The future of higher education

I've noted in many previous posts and in my published works that, while U.S. and European universities may be experiencing stagnation or decline in student enrollment, enrollments in Asia, Africa, South America, and elsewhere are and will continue to explode. Joshua Kim makes this point in his essay for Inside Higher Education.

Enhancing Student Learning and Development in Cross-Border Higher Education (Roberts & Komives, Eds, 2016) proposes that internationalization of higher education is inevitable. It also urges thought leaders to discern what qualities will most contribute to enhanced student learning and development throughout the world. Student affairs and student development are unrecognized in many western settings as an important element that enhances the student experience. International settings vary even more in their awareness and dedication to the wholistic learning that has made such a difference in U.S. settings.

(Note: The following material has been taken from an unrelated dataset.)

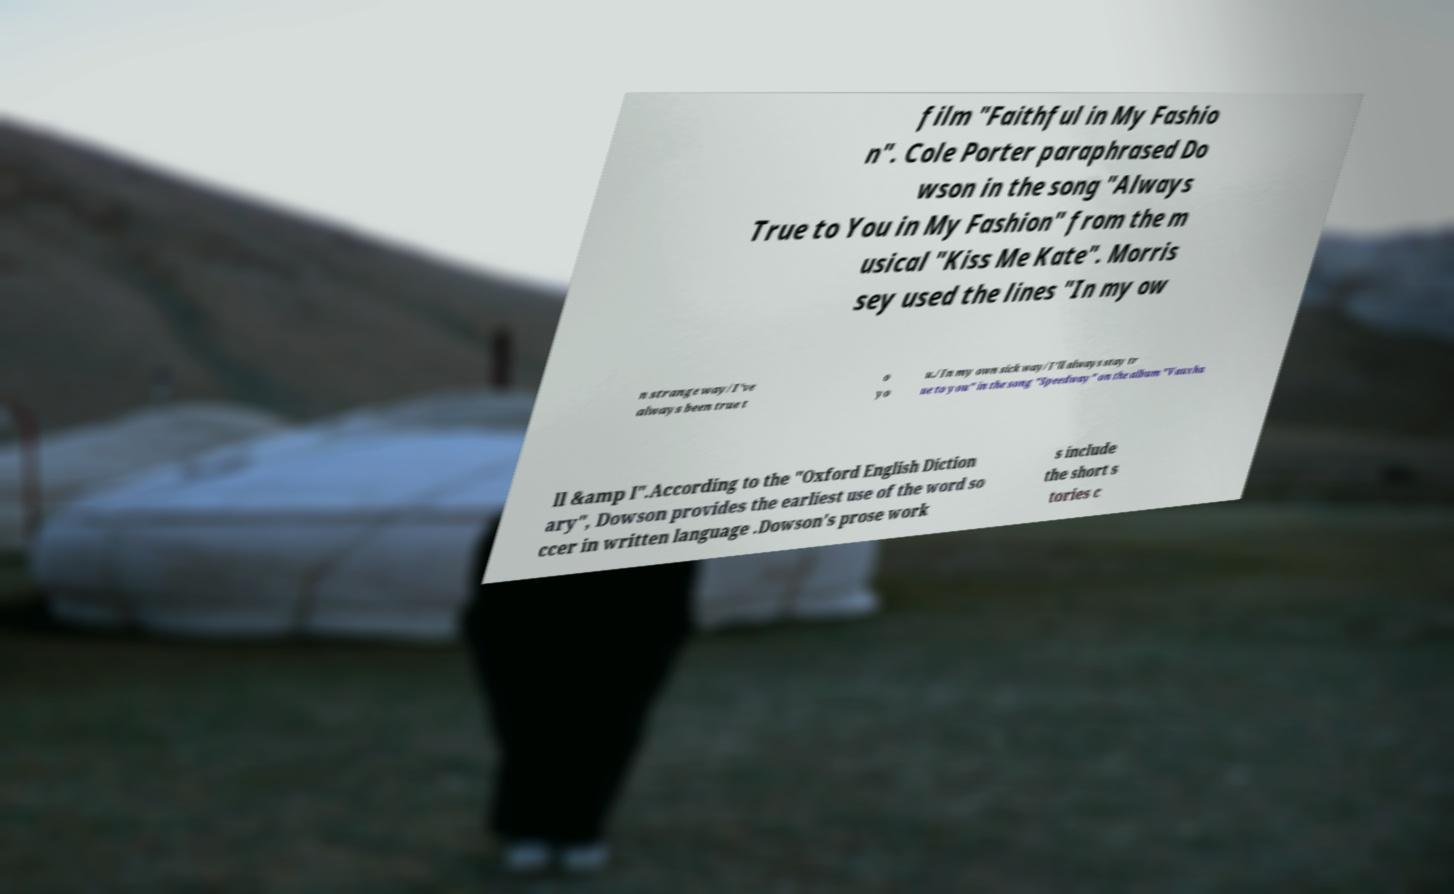There's text embedded in this image that I need extracted. Can you transcribe it verbatim? film "Faithful in My Fashio n". Cole Porter paraphrased Do wson in the song "Always True to You in My Fashion" from the m usical "Kiss Me Kate". Morris sey used the lines "In my ow n strange way/I've always been true t o yo u./In my own sick way/I'll always stay tr ue to you" in the song "Speedway" on the album "Vauxha ll &amp I".According to the "Oxford English Diction ary", Dowson provides the earliest use of the word so ccer in written language .Dowson's prose work s include the short s tories c

Joshua poses important questions:

  • How should U.S. institutions change to take advantage of growing global demand for higher education?
  • Should those of us who work in academia be thinking more about building international career experience?
  • Should graduate programs prioritize international experience and global training?
  • Does you institution have a global higher ed strategy?
My view is yes, yes, yes, and mostly no to the above. Those who seek interesting, transformative, and thriving careers in higher education should not be complacent about the shift in opportunity toward countries and settings outside of the U.S. and Europe. Engaging in one's current setting to urge all institutions to get serious about internationalization would be a great first step.